------ RECORDS FOR THE EXERCISE ------

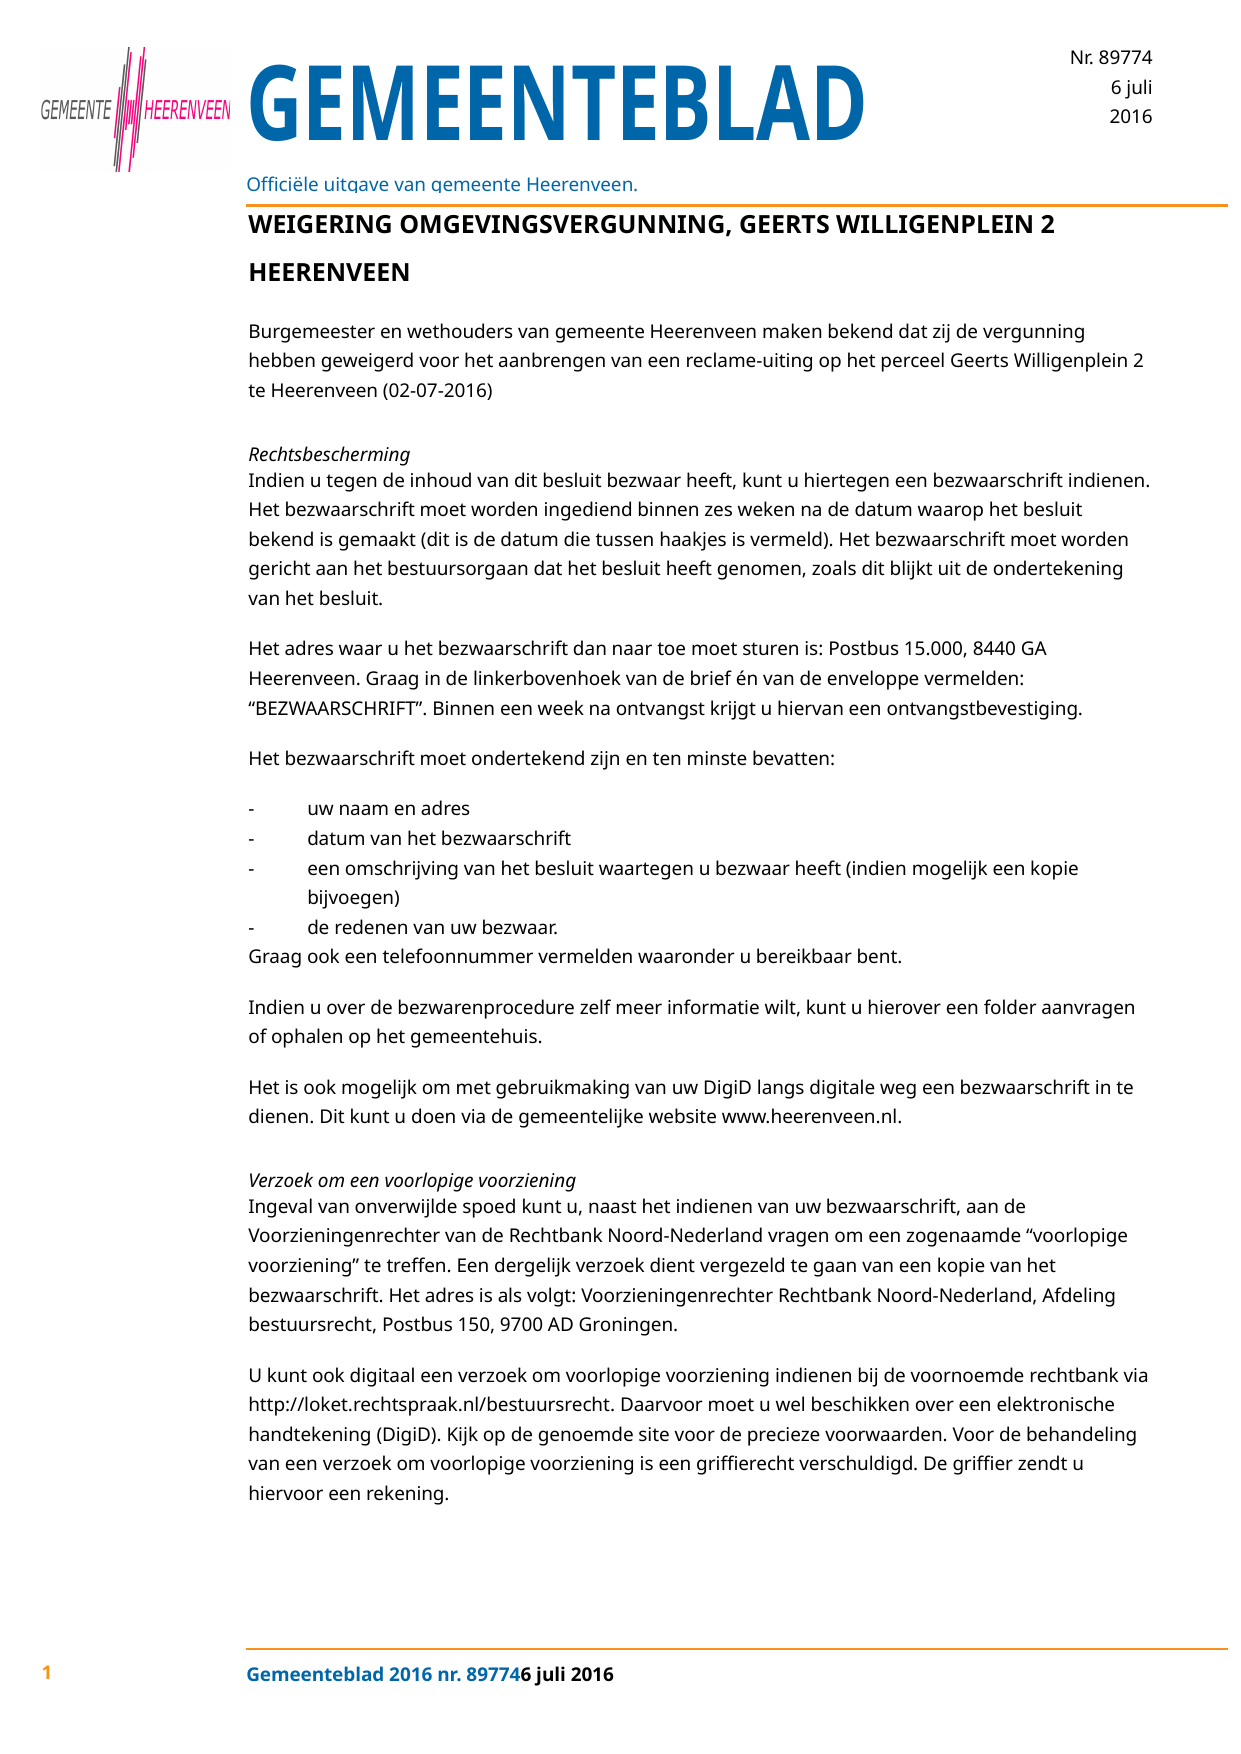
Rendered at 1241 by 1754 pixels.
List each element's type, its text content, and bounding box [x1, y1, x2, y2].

list datum van het bezwaarschrift [248, 825, 1152, 851]
list uw naam en adres [248, 796, 1152, 821]
text Indien u over de bezwarenprocedure zelf meer informatie wilt, kunt u hierover een folder aanvragen of ophalen op het gemeentehuis. [248, 994, 1152, 1049]
text Rechtsbescherming [248, 441, 1152, 467]
text Het bezwaarschrift moet ondertekend zijn en ten minste bevatten: [248, 745, 1152, 771]
list de redenen van uw bezwaar. [248, 914, 1152, 939]
picture [41, 47, 231, 172]
list een omschrijving van het besluit waartegen u bezwaar heeft (indien mogelijk een kopie bijvoegen) [248, 855, 1152, 910]
text Graag ook een telefoonnummer vermelden waaronder u bereikbaar bent. [248, 943, 1152, 969]
text Het is ook mogelijk om met gebruikmaking van uw DigiD langs digitale weg een bezwaarschrift in te dienen. Dit kunt u doen via de gemeentelijke website www.heerenveen.nl. [248, 1074, 1152, 1129]
text Verzoek om een voorlopige voorziening [248, 1167, 1152, 1193]
text Ingeval van onverwijlde spoed kunt u, naast het indienen van uw bezwaarschrift, aan de Voorzieningenrechter van de Rechtbank Noord-Nederland vragen om een zogenaamde “voorlopige voorziening” te treffen. Een dergelijk verzoek dient vergezeld te gaan van een kopie van het bezwaarschrift. Het adres is als volgt: Voorzieningenrechter Rechtbank Noord-Nederland, Afdeling bestuursrecht, Postbus 150, 9700 AD Groningen. [248, 1193, 1152, 1337]
text Burgemeester en wethouders van gemeente Heerenveen maken bekend dat zij de vergunning hebben geweigerd voor het aanbrengen van een reclame-uiting op het perceel Geerts Willigenplein 2 te Heerenveen (02-07-2016) [248, 318, 1152, 403]
text Indien u tegen de inhoud van dit besluit bezwaar heeft, kunt u hiertegen een bezwaarschrift indienen. Het bezwaarschrift moet worden ingediend binnen zes weken na de datum waarop het besluit bekend is gemaakt (dit is de datum die tussen haakjes is vermeld). Het bezwaarschrift moet worden gericht aan het bestuursorgaan dat het besluit heeft genomen, zoals dit blijkt uit de ondertekening van het besluit. [248, 467, 1152, 611]
text U kunt ook digitaal een verzoek om voorlopige voorziening indienen bij de voornoemde rechtbank via http://loket.rechtspraak.nl/bestuursrecht. Daarvoor moet u wel beschikken over een elektronische handtekening (DigiD). Kijk op de genoemde site voor de precieze voorwaarden. Voor de behandeling van een verzoek om voorlopige voorziening is een griffierecht verschuldigd. De griffier zendt u hiervoor een rekening. [248, 1362, 1152, 1506]
text Het adres waar u het bezwaarschrift dan naar toe moet sturen is: Postbus 15.000, 8440 GA Heerenveen. Graag in de linkerbovenhoek van de brief én van de enveloppe vermelden: “BEZWAARSCHRIFT”. Binnen een week na ontvangst krijgt u hiervan een ontvangstbevestiging. [248, 636, 1152, 720]
text WEIGERING OMGEVINGSVERGUNNING, GEERTS WILLIGENPLEIN 2 HEERENVEEN [248, 207, 1152, 288]

------

- EXERCISE PROMPT -
Print exactly the lines above, between the one holding "list een omschrijving" and the one holding "text Indien u tegen", inclusive, and nothing besides.

- ANSWER -
list een omschrijving van het besluit waartegen u bezwaar heeft (indien mogelijk een kopie bijvoegen) [248, 855, 1152, 910]
text Graag ook een telefoonnummer vermelden waaronder u bereikbaar bent. [248, 943, 1152, 969]
text Het is ook mogelijk om met gebruikmaking van uw DigiD langs digitale weg een bezwaarschrift in te dienen. Dit kunt u doen via de gemeentelijke website www.heerenveen.nl. [248, 1074, 1152, 1129]
text Verzoek om een voorlopige voorziening [248, 1167, 1152, 1193]
text Ingeval van onverwijlde spoed kunt u, naast het indienen van uw bezwaarschrift, aan de Voorzieningenrechter van de Rechtbank Noord-Nederland vragen om een zogenaamde “voorlopige voorziening” te treffen. Een dergelijk verzoek dient vergezeld te gaan van een kopie van het bezwaarschrift. Het adres is als volgt: Voorzieningenrechter Rechtbank Noord-Nederland, Afdeling bestuursrecht, Postbus 150, 9700 AD Groningen. [248, 1193, 1152, 1337]
text Burgemeester en wethouders van gemeente Heerenveen maken bekend dat zij de vergunning hebben geweigerd voor het aanbrengen van een reclame-uiting op het perceel Geerts Willigenplein 2 te Heerenveen (02-07-2016) [248, 318, 1152, 403]
text Indien u tegen de inhoud van dit besluit bezwaar heeft, kunt u hiertegen een bezwaarschrift indienen. Het bezwaarschrift moet worden ingediend binnen zes weken na de datum waarop het besluit bekend is gemaakt (dit is de datum die tussen haakjes is vermeld). Het bezwaarschrift moet worden gericht aan het bestuursorgaan dat het besluit heeft genomen, zoals dit blijkt uit de ondertekening van het besluit. [248, 467, 1152, 611]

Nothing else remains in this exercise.